● Work request
Search the entries for the word "combination" and pull out each line that has it.

*** Data for the task Section Begins ***

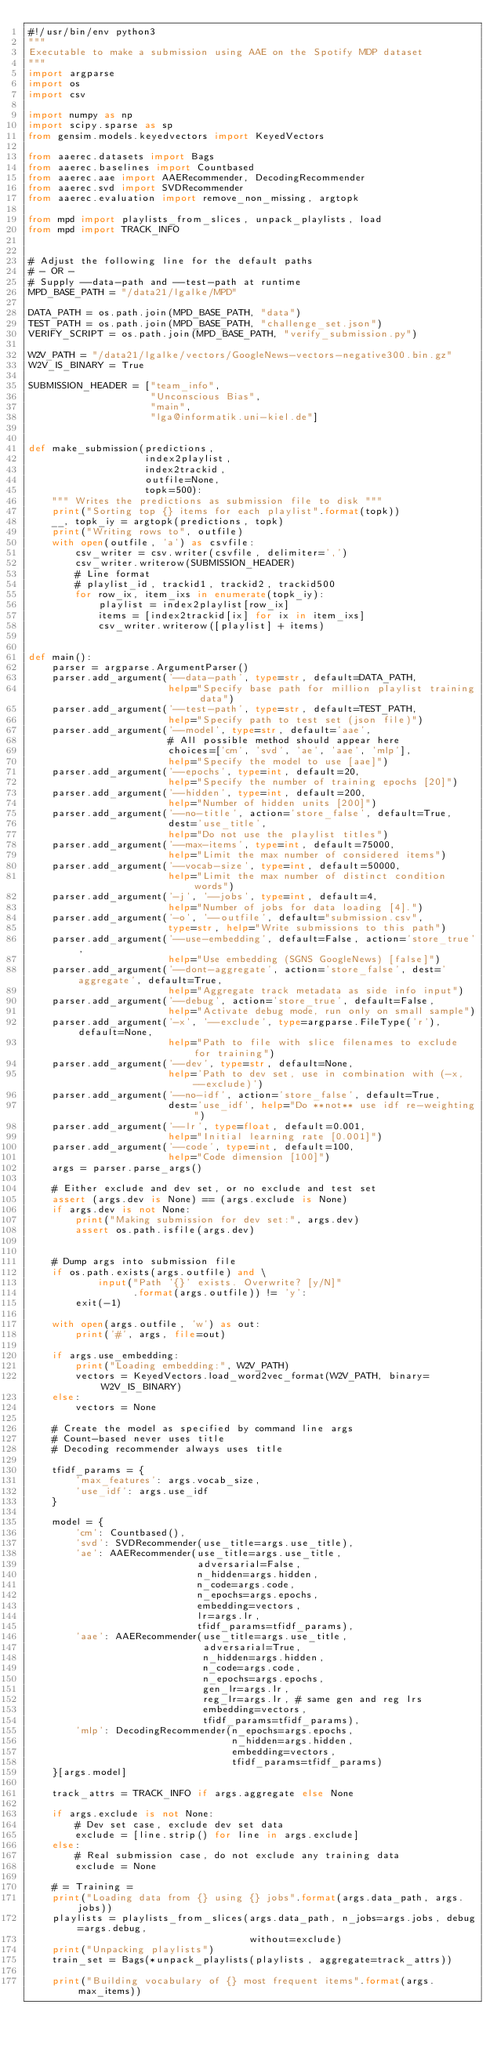<code> <loc_0><loc_0><loc_500><loc_500><_Python_>#!/usr/bin/env python3
"""
Executable to make a submission using AAE on the Spotify MDP dataset
"""
import argparse
import os
import csv

import numpy as np
import scipy.sparse as sp
from gensim.models.keyedvectors import KeyedVectors

from aaerec.datasets import Bags
from aaerec.baselines import Countbased
from aaerec.aae import AAERecommender, DecodingRecommender
from aaerec.svd import SVDRecommender
from aaerec.evaluation import remove_non_missing, argtopk

from mpd import playlists_from_slices, unpack_playlists, load
from mpd import TRACK_INFO


# Adjust the following line for the default paths
# - OR -
# Supply --data-path and --test-path at runtime
MPD_BASE_PATH = "/data21/lgalke/MPD"

DATA_PATH = os.path.join(MPD_BASE_PATH, "data")
TEST_PATH = os.path.join(MPD_BASE_PATH, "challenge_set.json")
VERIFY_SCRIPT = os.path.join(MPD_BASE_PATH, "verify_submission.py")

W2V_PATH = "/data21/lgalke/vectors/GoogleNews-vectors-negative300.bin.gz"
W2V_IS_BINARY = True

SUBMISSION_HEADER = ["team_info",
                     "Unconscious Bias",
                     "main",
                     "lga@informatik.uni-kiel.de"]


def make_submission(predictions,
                    index2playlist,
                    index2trackid,
                    outfile=None,
                    topk=500):
    """ Writes the predictions as submission file to disk """
    print("Sorting top {} items for each playlist".format(topk))
    __, topk_iy = argtopk(predictions, topk)
    print("Writing rows to", outfile)
    with open(outfile, 'a') as csvfile:
        csv_writer = csv.writer(csvfile, delimiter=',')
        csv_writer.writerow(SUBMISSION_HEADER)
        # Line format
        # playlist_id, trackid1, trackid2, trackid500
        for row_ix, item_ixs in enumerate(topk_iy):
            playlist = index2playlist[row_ix]
            items = [index2trackid[ix] for ix in item_ixs]
            csv_writer.writerow([playlist] + items)


def main():
    parser = argparse.ArgumentParser()
    parser.add_argument('--data-path', type=str, default=DATA_PATH,
                        help="Specify base path for million playlist training data")
    parser.add_argument('--test-path', type=str, default=TEST_PATH,
                        help="Specify path to test set (json file)")
    parser.add_argument('--model', type=str, default='aae',
                        # All possible method should appear here
                        choices=['cm', 'svd', 'ae', 'aae', 'mlp'],
                        help="Specify the model to use [aae]")
    parser.add_argument('--epochs', type=int, default=20,
                        help="Specify the number of training epochs [20]")
    parser.add_argument('--hidden', type=int, default=200,
                        help="Number of hidden units [200]")
    parser.add_argument('--no-title', action='store_false', default=True,
                        dest='use_title',
                        help="Do not use the playlist titles")
    parser.add_argument('--max-items', type=int, default=75000,
                        help="Limit the max number of considered items")
    parser.add_argument('--vocab-size', type=int, default=50000,
                        help="Limit the max number of distinct condition words")
    parser.add_argument('-j', '--jobs', type=int, default=4,
                        help="Number of jobs for data loading [4].")
    parser.add_argument('-o', '--outfile', default="submission.csv",
                        type=str, help="Write submissions to this path")
    parser.add_argument('--use-embedding', default=False, action='store_true',
                        help="Use embedding (SGNS GoogleNews) [false]")
    parser.add_argument('--dont-aggregate', action='store_false', dest='aggregate', default=True,
                        help="Aggregate track metadata as side info input")
    parser.add_argument('--debug', action='store_true', default=False,
                        help="Activate debug mode, run only on small sample")
    parser.add_argument('-x', '--exclude', type=argparse.FileType('r'),  default=None,
                        help="Path to file with slice filenames to exclude for training")
    parser.add_argument('--dev', type=str, default=None,
                        help='Path to dev set, use in combination with (-x, --exclude)')
    parser.add_argument('--no-idf', action='store_false', default=True,
                        dest='use_idf', help="Do **not** use idf re-weighting")
    parser.add_argument('--lr', type=float, default=0.001,
                        help="Initial learning rate [0.001]")
    parser.add_argument('--code', type=int, default=100,
                        help="Code dimension [100]")
    args = parser.parse_args()

    # Either exclude and dev set, or no exclude and test set
    assert (args.dev is None) == (args.exclude is None)
    if args.dev is not None:
        print("Making submission for dev set:", args.dev)
        assert os.path.isfile(args.dev)


    # Dump args into submission file
    if os.path.exists(args.outfile) and \
            input("Path '{}' exists. Overwrite? [y/N]"
                  .format(args.outfile)) != 'y':
        exit(-1)

    with open(args.outfile, 'w') as out:
        print('#', args, file=out)

    if args.use_embedding:
        print("Loading embedding:", W2V_PATH)
        vectors = KeyedVectors.load_word2vec_format(W2V_PATH, binary=W2V_IS_BINARY)
    else:
        vectors = None

    # Create the model as specified by command line args
    # Count-based never uses title
    # Decoding recommender always uses title

    tfidf_params = {
        'max_features': args.vocab_size,
        'use_idf': args.use_idf
    }

    model = {
        'cm': Countbased(),
        'svd': SVDRecommender(use_title=args.use_title),
        'ae': AAERecommender(use_title=args.use_title,
                             adversarial=False,
                             n_hidden=args.hidden,
                             n_code=args.code,
                             n_epochs=args.epochs,
                             embedding=vectors,
                             lr=args.lr,
                             tfidf_params=tfidf_params),
        'aae': AAERecommender(use_title=args.use_title,
                              adversarial=True,
                              n_hidden=args.hidden,
                              n_code=args.code,
                              n_epochs=args.epochs,
                              gen_lr=args.lr,
                              reg_lr=args.lr, # same gen and reg lrs
                              embedding=vectors,
                              tfidf_params=tfidf_params),
        'mlp': DecodingRecommender(n_epochs=args.epochs,
                                   n_hidden=args.hidden,
                                   embedding=vectors,
                                   tfidf_params=tfidf_params)
    }[args.model]

    track_attrs = TRACK_INFO if args.aggregate else None

    if args.exclude is not None:
        # Dev set case, exclude dev set data
        exclude = [line.strip() for line in args.exclude]
    else:
        # Real submission case, do not exclude any training data
        exclude = None

    # = Training =
    print("Loading data from {} using {} jobs".format(args.data_path, args.jobs))
    playlists = playlists_from_slices(args.data_path, n_jobs=args.jobs, debug=args.debug,
                                      without=exclude)
    print("Unpacking playlists")
    train_set = Bags(*unpack_playlists(playlists, aggregate=track_attrs))

    print("Building vocabulary of {} most frequent items".format(args.max_items))</code> 
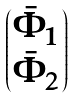Convert formula to latex. <formula><loc_0><loc_0><loc_500><loc_500>\begin{pmatrix} \bar { \Phi } _ { 1 } \\ \bar { \Phi } _ { 2 } \end{pmatrix}</formula> 
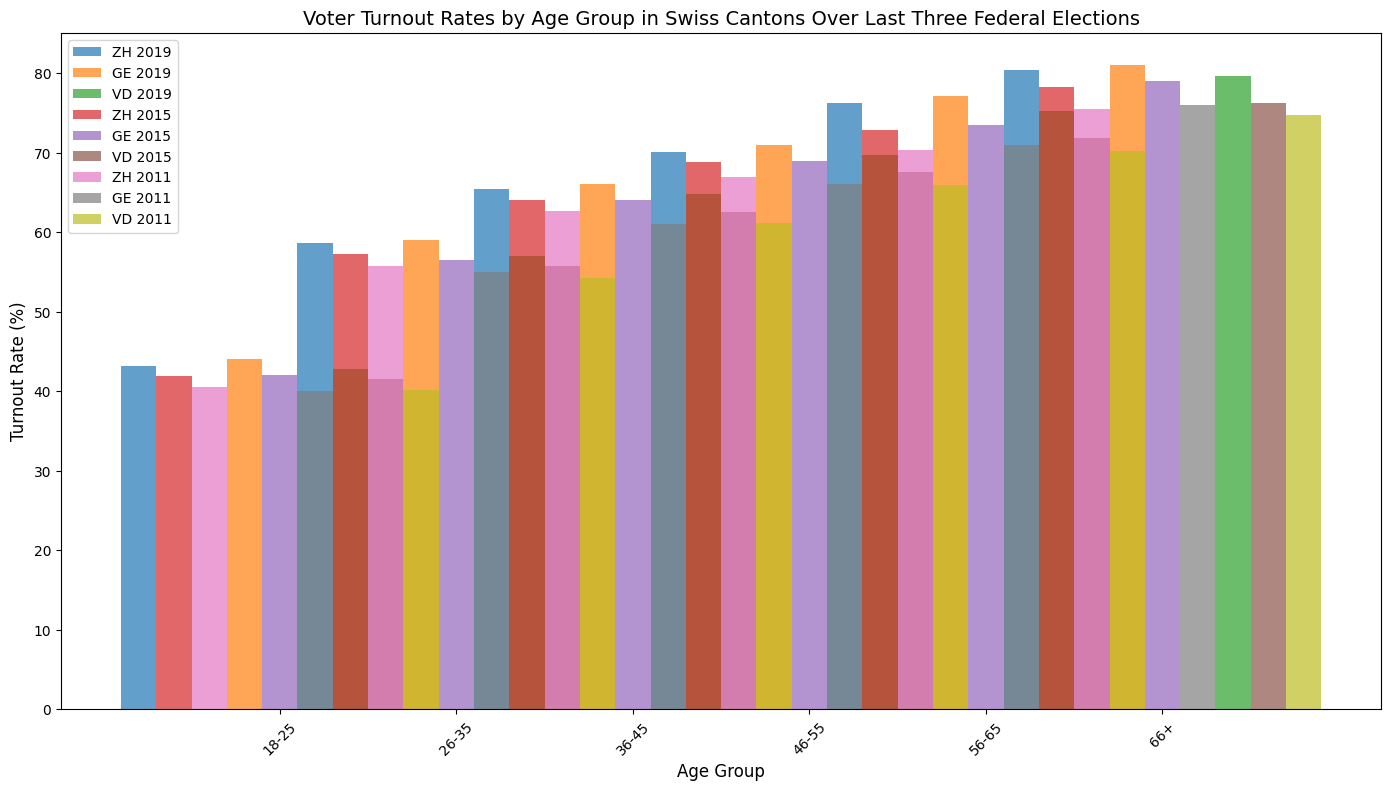What is the overall trend in voter turnout rates across all age groups in Zurich (ZH) from 2011 to 2019? To find the overall trend, observe the heights of the bars for Zurich (ZH) across the years 2011, 2015, and 2019. Notice that for all age groups, the voter turnout rates have increased from 2011 to 2019.
Answer: Increasing Which age group in Geneva (GE) had the highest turnout rate in 2019? Look for the tallest bar in the Geneva 2019 segment. The highest voter turnout rate in 2019 is for the 66+ age group.
Answer: 66+ How does the voter turnout rate for the 18-25 age group in Vaud (VD) compare to that in Zurich (ZH) in 2019? Locate the bars for the 18-25 age group in Vaud and Zurich for the year 2019. The bar corresponding to Zurich is slightly taller than the one for Vaud, indicating a higher turnout rate in Zurich.
Answer: Higher in Zurich What is the average voter turnout rate for the 26-35 age group across all three cantons in 2015? Compute the average by summing the turnout rates for the 26-35 age group in 2015 for Zurich (57.3), Geneva (56.5), and Vaud (55.7) and dividing by 3. (57.3 + 56.5 + 55.7) / 3 = 56.5
Answer: 56.5 Compare the voter turnout rates of the 46-55 age group between Zurich (ZH) and Geneva (GE) in 2011. Which canton had the higher rate? Examine the bars for the 46-55 age group in 2011 for both Zurich and Geneva. The bar for Zurich is slightly taller, indicating a higher turnout rate in Zurich.
Answer: Zurich What is the difference in voter turnout rates between the 18-25 age group and the 66+ age group in Zurich (ZH) for the year 2019? Subtract the turnout rate for the 18-25 age group from that of the 66+ age group in Zurich for 2019. 80.4 - 43.2 = 37.2
Answer: 37.2 Is there a pattern in the voter turnout rates across age groups in Vaud (VD) for the year 2015? Observe the heights of the bars for each age group in Vaud for 2015. The pattern shows that the turnout rate consistently increases with age.
Answer: Increasing with age Which age group showed the smallest increase in voter turnout rate in Geneva (GE) from 2011 to 2019? Calculate the difference in turnout rates for each age group in Geneva between 2011 and 2019, then find the smallest difference. 18-25: 44.0 - 40.0 = 4.0, 26-35: 59.0 - 55.0 = 4.0, 36-45: 66.0 - 61.0 = 5.0, 46-55: 71.0 - 66.0 = 5.0, 56-65: 77.1 - 71.0 = 6.1, 66+: 81.0 - 76.0 = 5.0. The smallest increase is 4.0 for the 18-25 and 26-35 age groups.
Answer: 18-25 and 26-35 
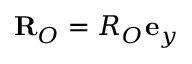<formula> <loc_0><loc_0><loc_500><loc_500>R _ { O } = R _ { O } e _ { y }</formula> 
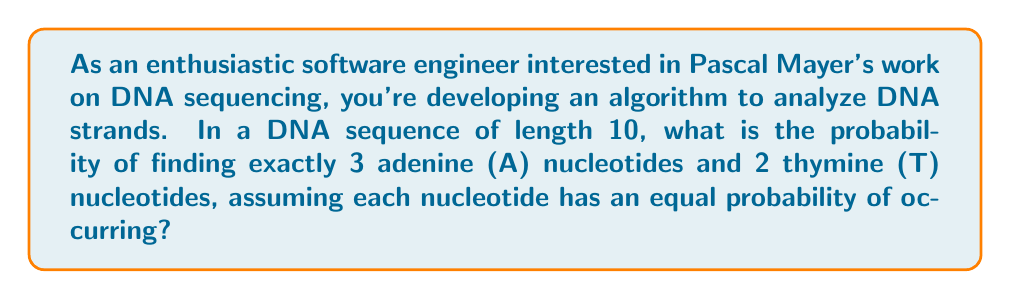Show me your answer to this math problem. Let's approach this step-by-step:

1) First, recall that DNA has four types of nucleotides: Adenine (A), Thymine (T), Cytosine (C), and Guanine (G).

2) We're dealing with a sequence of 10 nucleotides, and we need to calculate the probability of having exactly 3 A's and 2 T's.

3) This is a combination problem. We need to:
   a) Choose the positions for the 3 A's and 2 T's
   b) Calculate the probability of this specific arrangement

4) To choose the positions:
   - We need to choose 3 positions out of 10 for A: $\binom{10}{3}$
   - From the remaining 7 positions, we need to choose 2 for T: $\binom{7}{2}$

5) The number of ways to arrange 3 A's and 2 T's in a sequence of 10 is:

   $$\binom{10}{3} \cdot \binom{7}{2}$$

6) Now, for the probability:
   - Each nucleotide has a 1/4 probability of occurring
   - We need (1/4)^3 for the 3 A's
   - (1/4)^2 for the 2 T's
   - (1/4)^5 for the remaining 5 positions (which can be C or G)

7) Therefore, the probability of one specific arrangement is:

   $$(\frac{1}{4})^3 \cdot (\frac{1}{4})^2 \cdot (\frac{1}{4})^5 = (\frac{1}{4})^{10}$$

8) Combining steps 5 and 7, the total probability is:

   $$\binom{10}{3} \cdot \binom{7}{2} \cdot (\frac{1}{4})^{10}$$

9) Let's calculate:
   $\binom{10}{3} = 120$
   $\binom{7}{2} = 21$
   $120 \cdot 21 = 2520$
   $(\frac{1}{4})^{10} = \frac{1}{1,048,576}$

10) Final calculation:
    $$2520 \cdot \frac{1}{1,048,576} = \frac{2520}{1,048,576} = \frac{5}{2048} \approx 0.00244$$
Answer: The probability is $\frac{5}{2048}$ or approximately 0.00244 (0.244%) 
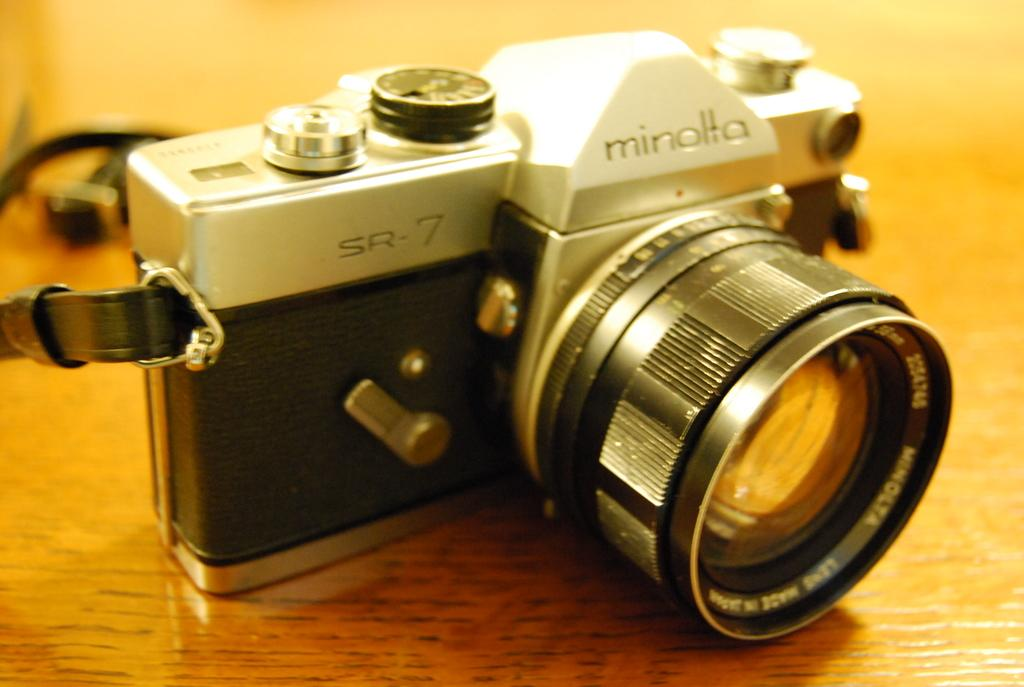What object is the main subject of the image? There is a camera in the image. Are there any additional details on the camera? Yes, there is writing on the camera. Can you describe the overall quality of the image? The image appears to be blurry. How many pins are visible on the camera in the image? There are no pins visible on the camera in the image. What is the amount of crush that can be seen in the image? There is no crush present in the image; it features a camera with writing on it. 
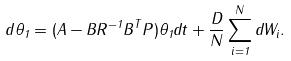<formula> <loc_0><loc_0><loc_500><loc_500>d \theta _ { 1 } = ( A - B R ^ { - 1 } B ^ { T } P ) \theta _ { 1 } d t + \frac { D } { N } \sum _ { i = 1 } ^ { N } d W _ { i } .</formula> 
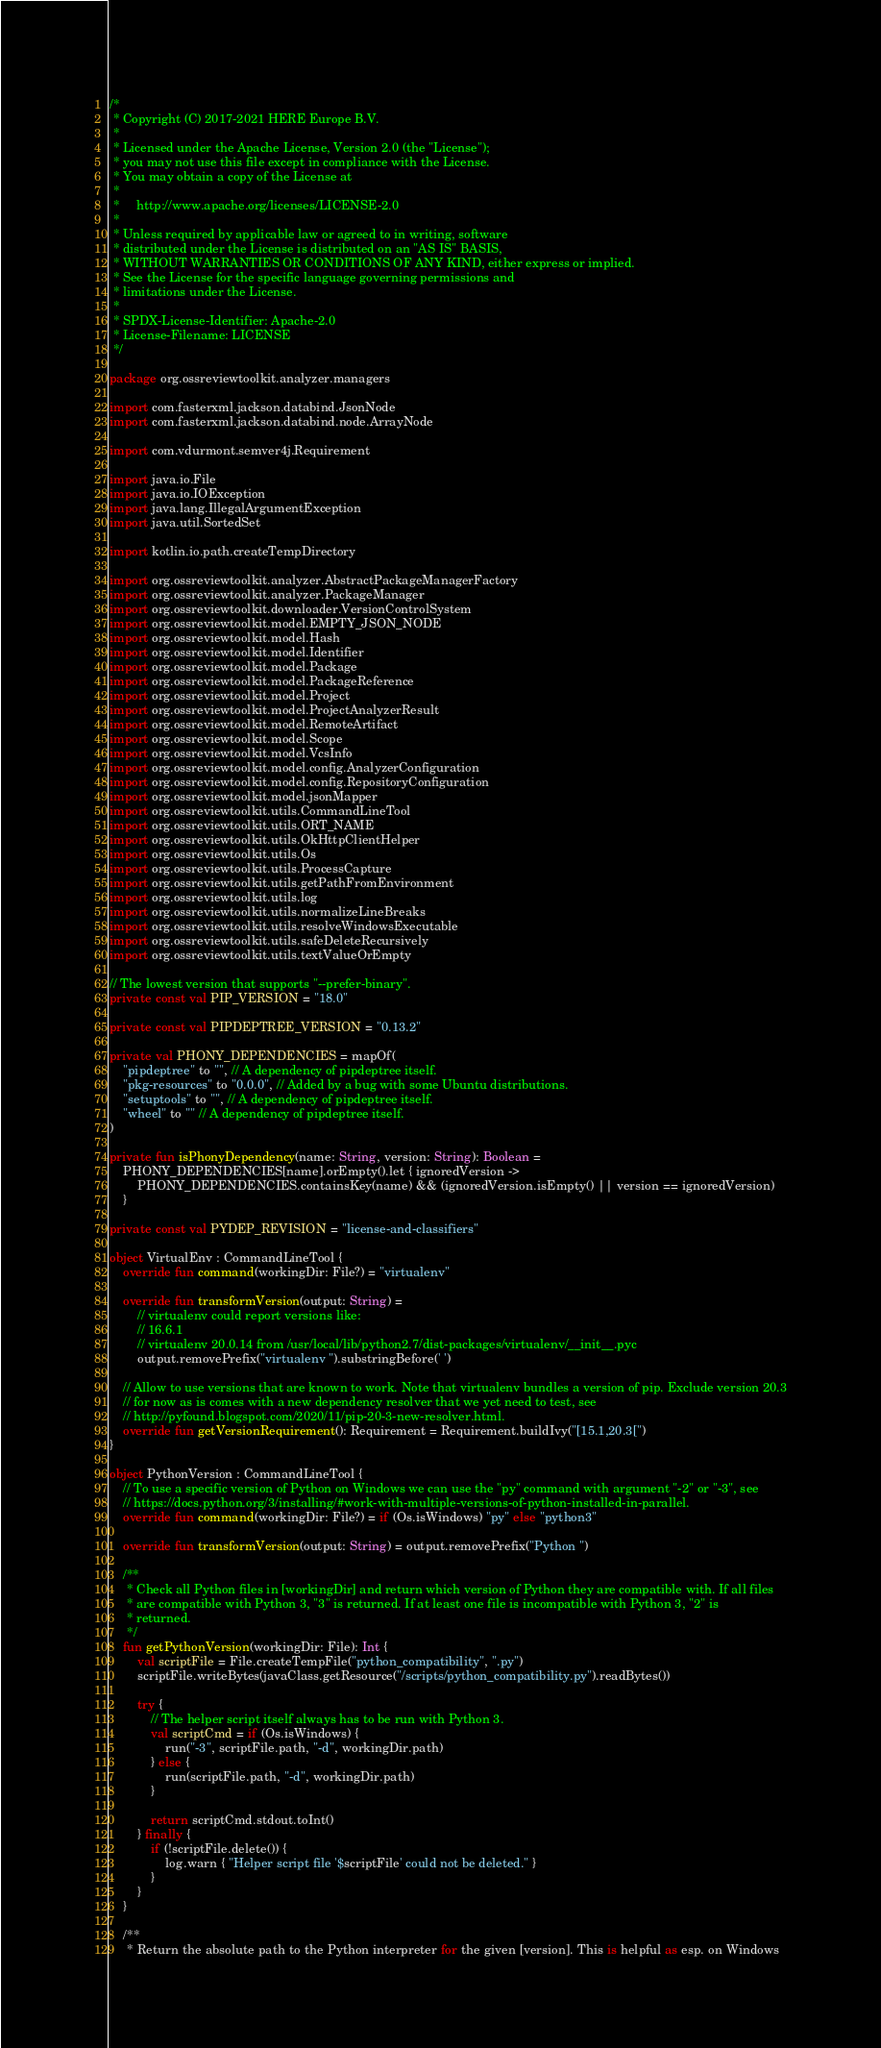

*** Data for the task Section Ends ***

● Response
                        help='Path to dev set, use in combination with (-x, --exclude)')
3) This is a combination problem. We need to:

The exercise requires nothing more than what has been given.